Mais tout cela n’est rien car j’ai la folie de croire que l’examinateur, dans son immense sagesse, saura pardonner à mon pied sa gigue entêtée. Non, le pire c’est l’exercice imposé du créneau. Si je le rate ce maudis créneau ce ne sera pourtant pas faute de l’avoir révisé sur le parking de ladite Elementary School où je m’attends d’ailleurs chaque week-end à trouver des spectateurs munis de pop-corn, attirés par mon animation gratuite mais néanmoins stupéfiante – il faut aimer les films français, ceux où la caméra bouge peu et où il ne se dit pas grand chose parce que ma maxime quand je me gare c’est « petite vitesse et grande lenteur ». Je révise donc. Justin me place des cartons en guise de plots et c’est parti pour la franche rigolade ponctuée de « aïe, j’ai pas tourné dans le bon sens… c’est pas grave je ressors et je recommence (genre sûre de soi et pas paniquée)… heu, mon cœur ? Faut que je tourne vers où pour ressortir ? » Ou alors ça part bien, super bien même, ça ressemble à un créneau plié en deux, trois manoeuvres max et puis tout à coup « Quoi contre-braque ? Mais c’est ce que je fais ! Quoi plus vite ? Mais je peux pas… ah ben je viens de toucher le carton… oui, je sais que j’ai pas le droit le jour de l’examen ! Non, je ne crie pas ! ».

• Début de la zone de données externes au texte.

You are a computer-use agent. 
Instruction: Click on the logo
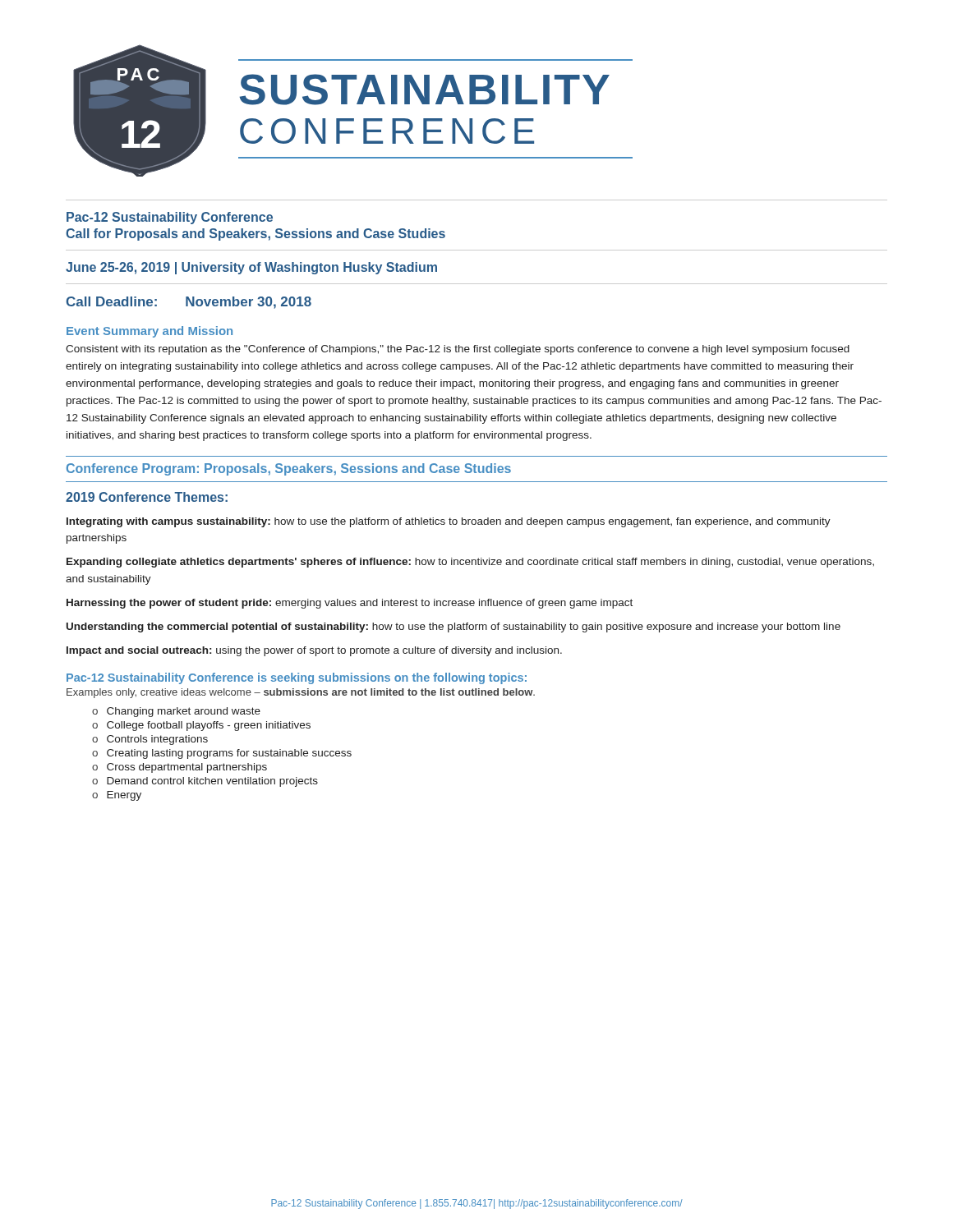click(476, 109)

Et on ne rit pas car ce n’est pas toujours de ma faute. Oui, outre mon astigmatie qui me complique un peu la tâche, cette voiture a un capot coupé en biseau. Vous ne visualisez peut-être pas bien mais moi, derrière mon volant, je me gare toujours le nez qui pointe trop vers l’extérieur alors qu’il faut que je sois parallèle au trottoir sinon adieu permis. Et je ne veux pas entendre que puisque je le sais, je n’ai qu’à corriger de moi-même… je fais ce que je peux mais cette voiture est fourbe et des fois son capot est plus droit que d’habitude. (Je viens de relire la dernière phrase et il me semble utile de préciser que ces exercices d’entraînement ont toujours lieu avant l’apéro).

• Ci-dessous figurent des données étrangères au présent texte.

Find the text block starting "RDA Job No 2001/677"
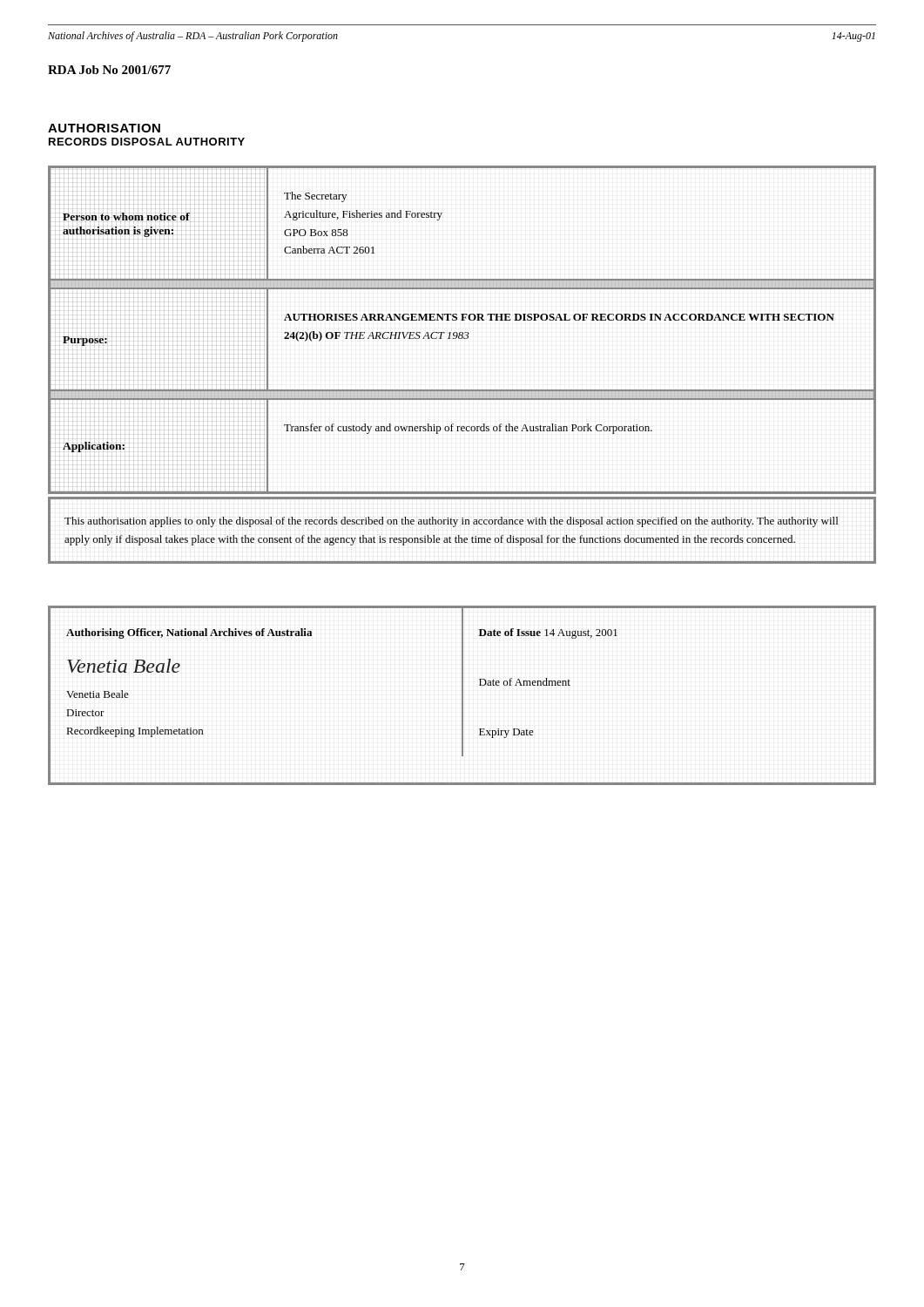 point(109,70)

Je vous épargne la révision du code, assortie de découvertes fascinantes comme l’interdiction d’entrer dans une rue si un camion de pompier s’y trouve… oui c’était votre chemin et maintenant vous êtes perdus à cause des deux sens interdits qui vous ont fait tournicoter. Et bien tant pis pour vous, z’aviez qu’à avoir un GPS.

Allez, après des heures de révisions et d’entraînement, il était temps d’y aller. Après consultation des astres et de quelques entrailles de dindes épargnées par Thanksgiving, le jour le plus propice a été décidé. Jeudi dernier ce serait.